● TRY IT
Make an exact copy of the records that follow, with each picture omitted.

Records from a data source
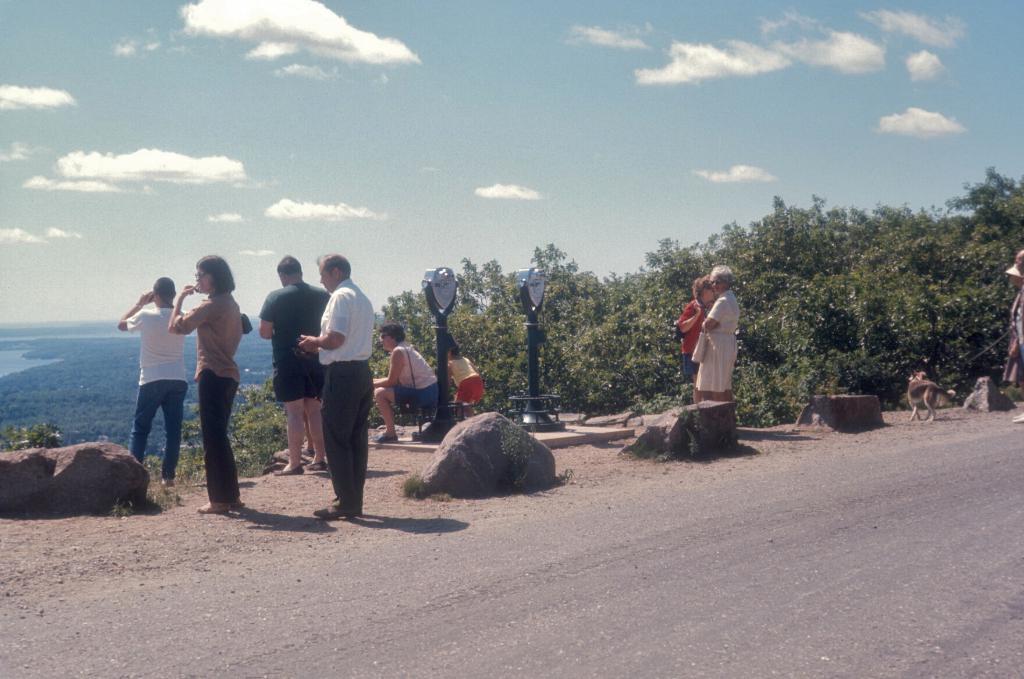Describe this image in one or two sentences. This image consists of many people. At the bottom, there is a road. To the right, there are plants. In the background, there are clouds in the sky. To the left, there is an ocean. 
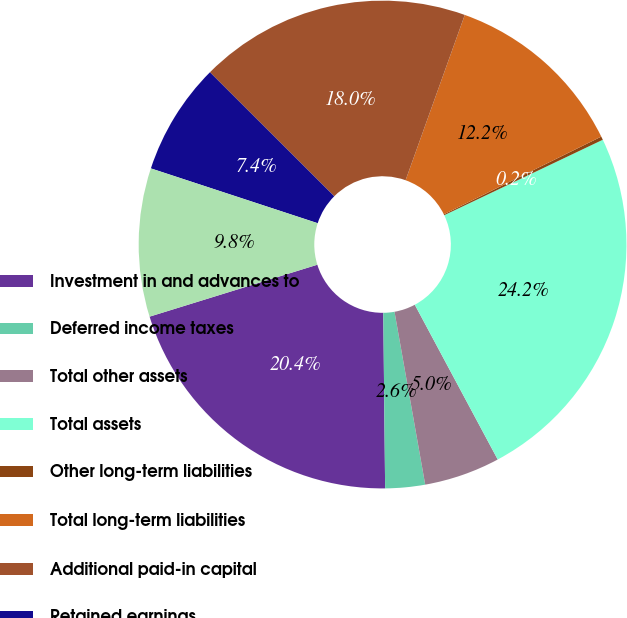Convert chart to OTSL. <chart><loc_0><loc_0><loc_500><loc_500><pie_chart><fcel>Investment in and advances to<fcel>Deferred income taxes<fcel>Total other assets<fcel>Total assets<fcel>Other long-term liabilities<fcel>Total long-term liabilities<fcel>Additional paid-in capital<fcel>Retained earnings<fcel>Accumulated other<nl><fcel>20.39%<fcel>2.63%<fcel>5.03%<fcel>24.24%<fcel>0.23%<fcel>12.23%<fcel>17.99%<fcel>7.43%<fcel>9.83%<nl></chart> 
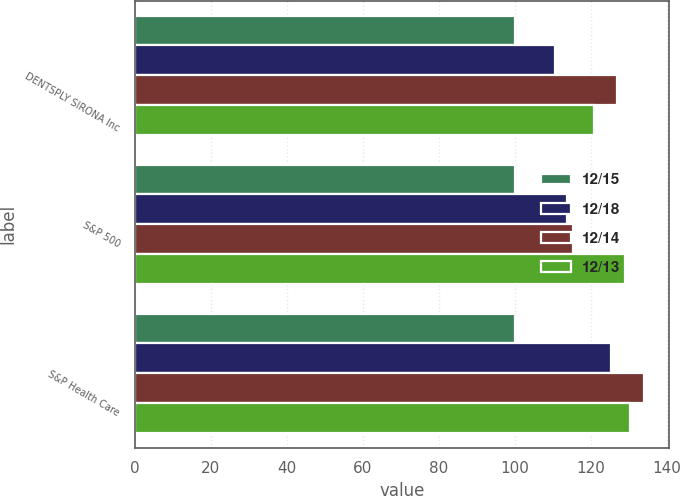Convert chart to OTSL. <chart><loc_0><loc_0><loc_500><loc_500><stacked_bar_chart><ecel><fcel>DENTSPLY SIRONA Inc<fcel>S&P 500<fcel>S&P Health Care<nl><fcel>12/15<fcel>100<fcel>100<fcel>100<nl><fcel>12/18<fcel>110.49<fcel>113.69<fcel>125.34<nl><fcel>12/14<fcel>126.89<fcel>115.26<fcel>133.97<nl><fcel>12/13<fcel>121<fcel>129.05<fcel>130.37<nl></chart> 
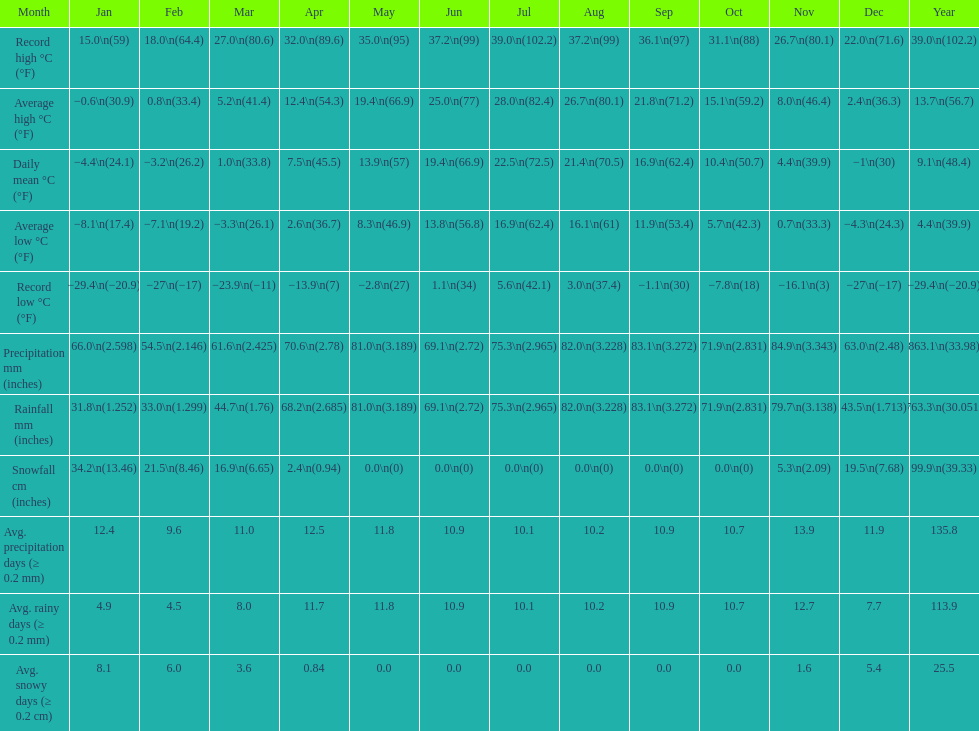8 degrees and the record lowest - September. 
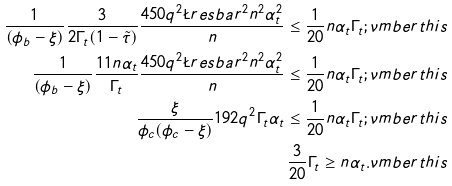<formula> <loc_0><loc_0><loc_500><loc_500>\frac { 1 } { ( \phi _ { b } - \xi ) } \frac { 3 } { 2 \Gamma _ { t } ( 1 - \tilde { \tau } ) } \frac { 4 5 0 q ^ { 2 } \L r e s b a r ^ { 2 } n ^ { 2 } \alpha _ { t } ^ { 2 } } { n } \leq \frac { 1 } { 2 0 } n \alpha _ { t } \Gamma _ { t } ; \nu m b e r t h i s \\ \frac { 1 } { ( \phi _ { b } - \xi ) } \frac { 1 1 n \alpha _ { t } } { \Gamma _ { t } } \frac { 4 5 0 q ^ { 2 } \L r e s b a r ^ { 2 } n ^ { 2 } \alpha _ { t } ^ { 2 } } { n } \leq \frac { 1 } { 2 0 } n \alpha _ { t } \Gamma _ { t } ; \nu m b e r t h i s \\ \frac { \xi } { \phi _ { c } ( \phi _ { c } - \xi ) } 1 9 2 q ^ { 2 } \Gamma _ { t } \alpha _ { t } \leq \frac { 1 } { 2 0 } n \alpha _ { t } \Gamma _ { t } ; \nu m b e r t h i s \\ \frac { 3 } { 2 0 } \Gamma _ { t } \geq n \alpha _ { t } . \nu m b e r t h i s</formula>

● TASK OUTPUT
Describe this image in one or two sentences. This image consists of many people. At the bottom, there is a road. To the right, there are plants. In the background, there are clouds in the sky. To the left, there is an ocean. 
Convert chart to OTSL. <chart><loc_0><loc_0><loc_500><loc_500><pie_chart><fcel>Investment in and advances to<fcel>Deferred income taxes<fcel>Total other assets<fcel>Total assets<fcel>Other long-term liabilities<fcel>Total long-term liabilities<fcel>Additional paid-in capital<fcel>Retained earnings<fcel>Accumulated other<nl><fcel>20.39%<fcel>2.63%<fcel>5.03%<fcel>24.24%<fcel>0.23%<fcel>12.23%<fcel>17.99%<fcel>7.43%<fcel>9.83%<nl></chart> 
Convert chart to OTSL. <chart><loc_0><loc_0><loc_500><loc_500><stacked_bar_chart><ecel><fcel>DENTSPLY SIRONA Inc<fcel>S&P 500<fcel>S&P Health Care<nl><fcel>12/15<fcel>100<fcel>100<fcel>100<nl><fcel>12/18<fcel>110.49<fcel>113.69<fcel>125.34<nl><fcel>12/14<fcel>126.89<fcel>115.26<fcel>133.97<nl><fcel>12/13<fcel>121<fcel>129.05<fcel>130.37<nl></chart> 
8 degrees and the record lowest - September. 
<formula> <loc_0><loc_0><loc_500><loc_500>\frac { 1 } { ( \phi _ { b } - \xi ) } \frac { 3 } { 2 \Gamma _ { t } ( 1 - \tilde { \tau } ) } \frac { 4 5 0 q ^ { 2 } \L r e s b a r ^ { 2 } n ^ { 2 } \alpha _ { t } ^ { 2 } } { n } \leq \frac { 1 } { 2 0 } n \alpha _ { t } \Gamma _ { t } ; \nu m b e r t h i s \\ \frac { 1 } { ( \phi _ { b } - \xi ) } \frac { 1 1 n \alpha _ { t } } { \Gamma _ { t } } \frac { 4 5 0 q ^ { 2 } \L r e s b a r ^ { 2 } n ^ { 2 } \alpha _ { t } ^ { 2 } } { n } \leq \frac { 1 } { 2 0 } n \alpha _ { t } \Gamma _ { t } ; \nu m b e r t h i s \\ \frac { \xi } { \phi _ { c } ( \phi _ { c } - \xi ) } 1 9 2 q ^ { 2 } \Gamma _ { t } \alpha _ { t } \leq \frac { 1 } { 2 0 } n \alpha _ { t } \Gamma _ { t } ; \nu m b e r t h i s \\ \frac { 3 } { 2 0 } \Gamma _ { t } \geq n \alpha _ { t } . \nu m b e r t h i s</formula>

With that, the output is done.